Ron Donna, Briggs Alexandra, Landsman H Samuel, Amarante Catherine M, Charette Kristin E, Deiner Stacie G
From the Department of Community and Family Medicine, Dartmouth Health and Geisel School of Medicine at Dartmouth, Lebanon, New Hampshire.
Department of Surgery, Dartmouth Health and Geisel School of Medicine at Dartmouth, Lebanon, New Hampshire.
Anesth Analg. 2024 Jun 12. doi: 10.1213/ANE.0000000000006949.

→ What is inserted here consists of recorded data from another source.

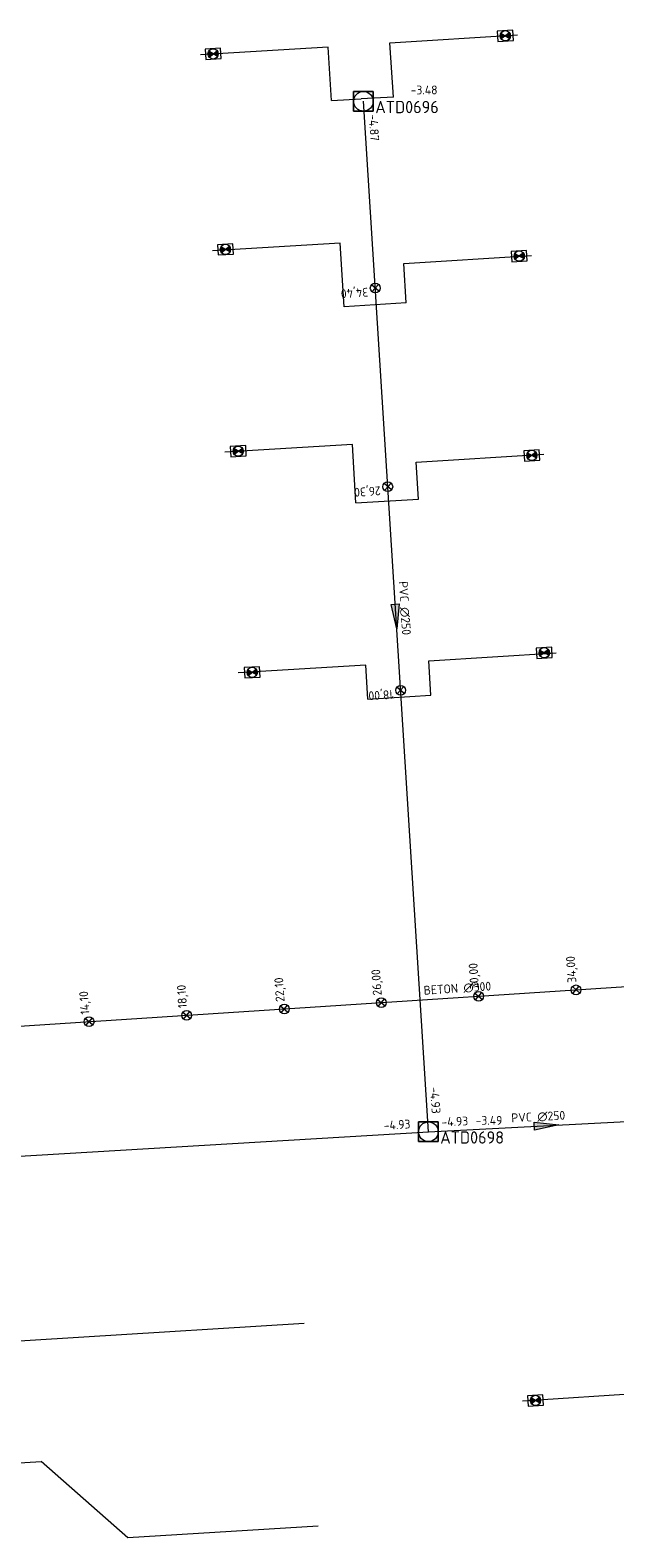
# Model space of a CAD drawing. Header units: metres. Extents: x 162232 to 162755, y 502539 to 502988.
# Tile 21 of 64: x 162461 to 162485, y 502636 to 502698. Entities that reach past the tile are written whole.
import ezdxf

# ---------------------------------------------------------------- set-up
doc = ezdxf.new("R2010")
doc.units = ezdxf.units.M
doc.header["$LTSCALE"] = 0.001
for name, color, linetype, lineweight in [('B-WE-RI-HWA_HUISAANSLUITING_PVC_125-G', 150, 'Continuous', 13), ('B-WE-RI-HWA_HULPSTUK_INLAAT-S', 150, 'Continuous', 13), ('B-WE-RI-HWA_HULPSTUK_INLAAT-T18', 150, 'Continuous', 0), ('B-WE-RI-HWA_MATERIAAL-T18', 150, 'Continuous', 0), ('B-WE-RI-HWA_TRANSPORTLEIDING_BETON_300-G', 150, 'Continuous', 13), ('B-WE-RI-VWA_BOB-T18', 20, 'Continuous', 0), ('B-WE-RI-VWA_HUISAANSLUITING_PVC_125-G', 20, 'Continuous', 13), ('B-WE-RI-VWA_HULPSTUK_INLAAT-S', 20, 'Continuous', 13), ('B-WE-RI-VWA_HULPSTUK_INLAAT-T18', 20, 'Continuous', 0), ('B-WE-RI-VWA_HULPSTUK_ONTSTOPPINGSSTUK-S', 20, 'Continuous', 13), ('B-WE-RI-VWA_MATERIAAL-T18', 20, 'Continuous', 0), ('B-WE-RI-VWA_PUTDEKSELHOOGTE-T18', 20, 'Continuous', 0), ('B-WE-RI-VWA_PUTNUMMER-T25', 20, 'Continuous', 0), ('B-WE-RI-VWA_RIOOLPUT_INSPECTIEPUT-S', 20, 'Continuous', 13), ('B-WE-RI-VWA_STROOMRICHTING-S', 20, 'Continuous', 13), ('B-WE-RI-VWA_TRANSPORTLEIDING_PVC_250-G', 20, 'Continuous', 13), ('Default', 7, 'Continuous', 0)]:
    doc.layers.add(name, color=color, linetype=linetype, lineweight=lineweight)
doc.styles.add('NLCS-ISO', font='NLCS-ISO.ttf')

# ---------------------------------------------------------------- blocks, each defined once
blk = doc.blocks.new('SRI-STROOMRICHTING-SO')
at = {"layer": 'Default', "linetype": 'Continuous'}
blk.add_hatch(color=256, dxfattribs=at).paths.add_polyline_path([(-0.0025, 0.00083), (-0.0025, -0.00083), (0.0025, 0)])
at = {"flags": 128}
blk.add_lwpolyline([(0.0025, 0), (-0.0025, -0.00083), (-0.0025, 0.00083), (0.0025, 0)], dxfattribs=at)
blk = doc.blocks.new('B-SRI-PUT_VWA-SO')
at = {"flags": 128}
for points in [[(-0.002, 0.002), (0.002, 0.002), (0.002, -0.002), (-0.002, -0.002), (-0.002, 0.002)], [(0.002, -0.002), (0.002, 0.002), (-0.002, 0.002), (-0.002, -0.002), (0.002, -0.002)]]:
    blk.add_lwpolyline(points, dxfattribs=at)
blk.add_circle((0, 0), 0.002)
blk = doc.blocks.new('SRI-HULP_INLAAT-SO')
for p, q in [((-0.00071, 0.00071), (0.00071, -0.00071)), ((-0.00071, -0.00071), (0.00071, 0.00071))]:
    blk.add_line(p, q)
blk.add_circle((0, 0), 0.001)
blk = doc.blocks.new('SRI-HULP_ONTSTOP-SO')
at = {"layer": 'Default', "linetype": 'Continuous'}
h = blk.add_hatch(color=256, dxfattribs=at)
edge = h.paths.add_edge_path()
edge.add_arc((0, 0), 0.00105, 146.3099, 180)
edge.add_arc((0, 0), 0.00105, -180, -146.3099)
edge.add_line((-0.00087, -0.00058), (0, 0))
edge.add_line((0, 0), (-0.00087, 0.00058))
h = blk.add_hatch(color=256, dxfattribs=at)
edge = h.paths.add_edge_path()
edge.add_line((0, 0), (0.00087, -0.00058))
edge.add_arc((0, 0), 0.00105, -33.6901, 0)
edge.add_arc((0, 0), 0.00105, 0, 33.6901)
edge.add_line((0.00087, 0.00058), (0, 0))
for p, q in [((0.00087, 0.00058), (-0.00087, -0.00058)), ((-0.00087, 0.00058), (0.00087, -0.00058))]:
    blk.add_line(p, q)
at = {"flags": 128}
blk.add_lwpolyline([(-0.00158, -0.00105), (0.00157, -0.00105), (0.00157, 0.00105), (-0.00158, 0.00105), (-0.00158, -0.00105)], dxfattribs=at)
blk.add_circle((0, 0), 0.00105)

msp = doc.modelspace()

# ---------------------------------------------------------------- linework, layer by layer
at = {"layer": 'B-WE-RI-HWA_HUISAANSLUITING_PVC_125-G', "flags": 128}
for points in [[(162472.474, 502645.075), (162454.093, 502643.941)], [(162454.836, 502639.037), (162461.777, 502639.466)], [(162465.295, 502636.356), (162461.777, 502639.466)], [(162473.04, 502636.834), (162465.295, 502636.356)]]:
    msp.add_lwpolyline(points, dxfattribs=at)
at = {"layer": 'B-WE-RI-HWA_TRANSPORTLEIDING_BETON_300-G', "flags": 128}
msp.add_lwpolyline([(162449.652, 502656.441), (162508.635, 502660.292)], dxfattribs=at)
at = {"layer": 'B-WE-RI-VWA_HUISAANSLUITING_PVC_125-G', "flags": 128}
for points in [[(162473.458, 502697.025), (162468.261, 502696.71)], [(162473.59, 502694.847), (162473.458, 502697.025)], [(162475.968, 502697.192), (162481.159, 502697.517)], [(162476.106, 502694.986), (162475.968, 502697.192)], [(162473.59, 502694.847), (162474.798, 502694.914)], [(162476.106, 502694.986), (162474.798, 502694.914)], [(162473.941, 502689.039), (162468.744, 502688.725)], [(162474.098, 502686.451), (162473.941, 502689.039)], [(162476.53, 502688.21), (162481.721, 502688.535)], [(162476.63, 502686.609), (162476.53, 502688.21)], [(162476.63, 502686.609), (162474.098, 502686.451)], [(162474.437, 502680.854), (162469.24, 502680.54)], [(162474.581, 502678.473), (162474.437, 502680.854)], [(162477.036, 502680.126), (162482.227, 502680.451)], [(162477.13, 502678.627), (162477.036, 502680.126)], [(162474.581, 502678.473), (162477.13, 502678.627)], [(162474.981, 502671.871), (162469.784, 502671.556)], [(162475.065, 502670.487), (162474.981, 502671.871)], [(162477.543, 502672.042), (162482.734, 502672.367)], [(162477.63, 502670.643), (162477.543, 502672.042)], [(162475.065, 502670.487), (162477.63, 502670.643)], [(162486.345, 502642.24), (162481.356, 502641.919)]]:
    msp.add_lwpolyline(points, dxfattribs=at)
at = {"layer": 'B-WE-RI-VWA_TRANSPORTLEIDING_PVC_250-G', "flags": 128}
for points in [[(162477.531, 502652.883), (162474.888, 502694.816)], [(162408.468, 502648.774), (162477.531, 502652.883)], [(162477.531, 502652.883), (162487.146, 502653.381)]]:
    msp.add_lwpolyline(points, dxfattribs=at)

# ---------------------------------------------------------------- block references
at = {"layer": 'B-WE-RI-HWA_HULPSTUK_INLAAT-S', "linetype": 'Continuous', "lineweight": 0, "xscale": 200, "yscale": 200, "rotation": 3.735539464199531}
for p in [(162475.617, 502658.136), (162479.578, 502658.395), (162483.54, 502658.654), (162467.694, 502657.619), (162471.665, 502657.878), (162463.722, 502657.36)]:
    msp.add_blockref('SRI-HULP_INLAAT-SO', p, dxfattribs=at)
at = {"layer": 'B-WE-RI-VWA_HULPSTUK_INLAAT-S', "linetype": 'Continuous', "lineweight": 0, "xscale": 200, "yscale": 200, "rotation": 93.6065316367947}
for p in [(162475.367, 502687.215), (162475.877, 502679.131), (162476.399, 502670.847)]:
    msp.add_blockref('SRI-HULP_INLAAT-SO', p, dxfattribs=at)
at = {"layer": 'B-WE-RI-VWA_HULPSTUK_ONTSTOPPINGSSTUK-S', "linetype": 'Continuous', "lineweight": 0, "xscale": 200, "yscale": 200}
for p, rotation in [((162480.662, 502697.481), 3.583712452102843), ((162468.771, 502696.744), 183.4646613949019), ((162469.273, 502688.79), 183.464661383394), ((162481.228, 502688.518), 3.583712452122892), ((162469.792, 502680.578), 183.46466139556), ((162481.74, 502680.405), 3.583712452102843), ((162482.247, 502672.376), 3.583712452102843), ((162470.36, 502671.577), 183.4646613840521), ((162481.889, 502641.948), 183.682079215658)]:
    msp.add_blockref('SRI-HULP_ONTSTOP-SO', p, dxfattribs=dict(at, rotation=rotation))
at = {"layer": 'B-WE-RI-VWA_RIOOLPUT_INSPECTIEPUT-S', "linetype": 'Continuous', "lineweight": 0, "xscale": 200, "yscale": 200}
for p in [(162474.888, 502694.816), (162477.531, 502652.883)]:
    msp.add_blockref('B-SRI-PUT_VWA-SO', p, dxfattribs=at)
at = {"layer": 'B-WE-RI-VWA_STROOMRICHTING-S', "linetype": 'Continuous', "lineweight": 0, "xscale": 200, "yscale": 200}
for p, rotation in [((162476.209, 502673.85), 273.6065316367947), ((162482.339, 502653.132), 2.964932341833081)]:
    msp.add_blockref('SRI-STROOMRICHTING-SO', p, dxfattribs=dict(at, rotation=rotation))

# ---------------------------------------------------------------- texts
at = {"layer": 'B-WE-RI-HWA_HULPSTUK_INLAAT-T18', "linetype": 'Continuous', "lineweight": 0, "char_height": 0.36, "attachment_point": 7, "rotation": 93.73554, "line_spacing_factor": 0.8, "style": 'NLCS-ISO'}
for s, insert in [('{\\C256;26,00}', (162475.716, 502658.443)), ('{\\C256;30,00}', (162479.677, 502658.702)), ('{\\C256;34,00}', (162483.639, 502658.961)), ('{\\C256;18,10}', (162467.793, 502657.926)), ('{\\C256;22,10}', (162471.764, 502658.185)), ('{\\C256;14,10}', (162463.821, 502657.667))]:
    msp.add_mtext(s, dxfattribs=dict(at, insert=insert))
at = {"layer": 'B-WE-RI-HWA_MATERIAAL-T18', "linetype": 'Continuous', "lineweight": 0, "insert": (162478.724, 502658.521), "char_height": 0.36, "attachment_point": 8, "rotation": 3.73554, "line_spacing_factor": 0.8, "style": 'NLCS-ISO'}
msp.add_mtext('{\\C256;BETON ∅300}', dxfattribs=at)
at = {"layer": 'B-WE-RI-VWA_BOB-T18', "linetype": 'Continuous', "lineweight": 0, "char_height": 0.36, "attachment_point": 7, "line_spacing_factor": 0.8, "style": 'NLCS-ISO'}
for s, insert, rotation in [('{\\C256;-4.87}', (162475.103, 502694.278), 273.60653), ('{\\C256;-4.93}', (162477.599, 502654.691), 273.60653), ('{\\C256;-4.93}', (162478.071, 502653.092), 2.96493), ('{\\C256;-4.93}', (162475.723, 502652.957), 3.40488)]:
    msp.add_mtext(s, dxfattribs=dict(at, insert=insert, rotation=rotation))
at = {"layer": 'B-WE-RI-VWA_HULPSTUK_INLAAT-T18', "linetype": 'Continuous', "lineweight": 0, "char_height": 0.36, "attachment_point": 7, "rotation": 183.60653, "line_spacing_factor": 0.8, "style": 'NLCS-ISO'}
for s, insert in [('{\\C256;34,40}', (162475.06, 502687.315)), ('{\\C256;26,30}', (162475.57, 502679.231)), ('{\\C256;18,00}', (162476.092, 502670.947))]:
    msp.add_mtext(s, dxfattribs=dict(at, insert=insert))
at = {"layer": 'B-WE-RI-VWA_MATERIAAL-T18', "linetype": 'Continuous', "lineweight": 0, "char_height": 0.36, "attachment_point": 8, "line_spacing_factor": 0.8, "style": 'NLCS-ISO'}
for insert, rotation in [((162476.37, 502674.179), 273.60653), ((162482.011, 502653.296), 2.96493)]:
    msp.add_mtext('{\\C256;PVC ∅250}', dxfattribs=dict(at, insert=insert, rotation=rotation))
at = {"layer": 'B-WE-RI-VWA_PUTDEKSELHOOGTE-T18', "linetype": 'Continuous', "lineweight": 0, "char_height": 0.36, "attachment_point": 7, "line_spacing_factor": 0.8, "style": 'NLCS-ISO'}
for s, insert in [('{\\C256;-3.48}', (162476.808, 502695.097)), ('{\\C256;-3.49}', (162479.451, 502653.164))]:
    msp.add_mtext(s, dxfattribs=dict(at, insert=insert))
at = {"layer": 'B-WE-RI-VWA_PUTNUMMER-T25', "linetype": 'Continuous', "lineweight": 0, "char_height": 0.5, "attachment_point": 7, "line_spacing_factor": 0.8, "style": 'NLCS-ISO'}
for s, insert in [('{\\C256;ATD0696}', (162475.368, 502694.331)), ('{\\C256;ATD0698}', (162478.011, 502652.398))]:
    msp.add_mtext(s, dxfattribs=dict(at, insert=insert))

doc.saveas('drawing.dxf')

For the first time in history, people age older than 65 years make up >20% of the non-metro population, compared with 16% of the metro population. From 2010 to 2020 the nonmetro population age older than 65 years grew by 22%, while the working-age population declined by 4.9%, and the population aged under 18 years declined by 5.7%.1,2 Multidisciplinary geriatric surgical programs are an increasingly recognized approach to the care of older surgical patients and preliminary data suggest they can reduce length of stay. Although rural areas have the greatest proportion of patients age older than 65 years, implementation of such programs faces special challenges in rural settings with limited resources. Dartmouth-Hitchcock Medical Center is one of the most rural academic centers in the United States. Challenges include a shortage of geriatric-trained providers, long distances to access primary care and subspecialists, and extremely limited postacute care options and skilled nursing facility beds. To address the unique needs of our provider and patient population we began with a development period where we conducted stakeholder interviews. Using these data, we mapped out a workflow and developed pilot projects to address different portions of the workflow, such as preoperative screening for frailty and cognitive impairment, interdisciplinary weekly case conferences, proactive case management, delirium and geriatric surgery postoperative pathway order sets, and a variety of tools for reorientation and delirium management. Herein we describe the process of development and pragmatic clinical implementation of geriatric-focused care for older surgical patients in our rural tertiary center, including some of the main challenges we faced and the strategies we undertook to overcome them, and some of our early patient centered and clinical outcomes. This information may assist other institutions as they design geriatric-focused surgical programs to address the growing population of older adults and the need for compliance with state legislation. The clinical program described is not a research study, and the outcome data we report is for the purpose of description, and should not be interpreted as a rigorous research investigation of the effect of our intervention.
历史上首次出现,65岁以上人群在非都市人口中所占比例超过20%,而在都市人口中这一比例为16%。从2010年到2020年,非都市地区65岁以上人口增长了22%,而劳动年龄人口下降了4.9%,18岁以下人口下降了5.7%。多学科老年外科项目是一种越来越被认可的老年外科患者护理方法,初步数据表明它们可以缩短住院时间。尽管农村地区65岁以上患者的比例最高,但在资源有限的农村地区实施此类项目面临特殊挑战。达特茅斯-希区柯克医疗中心是美国最具乡村特色的学术中心之一。挑战包括缺乏经过老年医学培训的医疗人员、获得初级保健和专科医生的路途遥远,以及急性后期护理选择和专业护理机构床位极其有限。为了满足我们的医疗人员和患者群体的独特需求,我们首先进入了一个开发阶段,在此期间我们进行了利益相关者访谈。利用这些数据,我们规划了一个工作流程,并开展了试点项目来处理工作流程的不同部分,如术前衰弱和认知障碍筛查、跨学科每周病例讨论会、主动病例管理、谵妄和老年外科术后路径医嘱集,以及各种用于重新定向和谵妄管理的工具。在此,我们描述了在我们农村三级中心为老年外科患者开展以老年医学为重点的护理的开发过程和实际临床实施情况,包括我们面临的一些主要挑战以及我们为克服这些挑战所采取的策略,以及我们一些以患者为中心的早期情况和临床结果。这些信息可能会帮助其他机构设计以老年医学为重点的外科项目,以应对不断增长的老年人口以及遵守州立法的需求。所描述的临床项目不是一项研究,我们报告的结果数据仅用于描述目的,不应被解释为对我们干预效果的严格研究调查。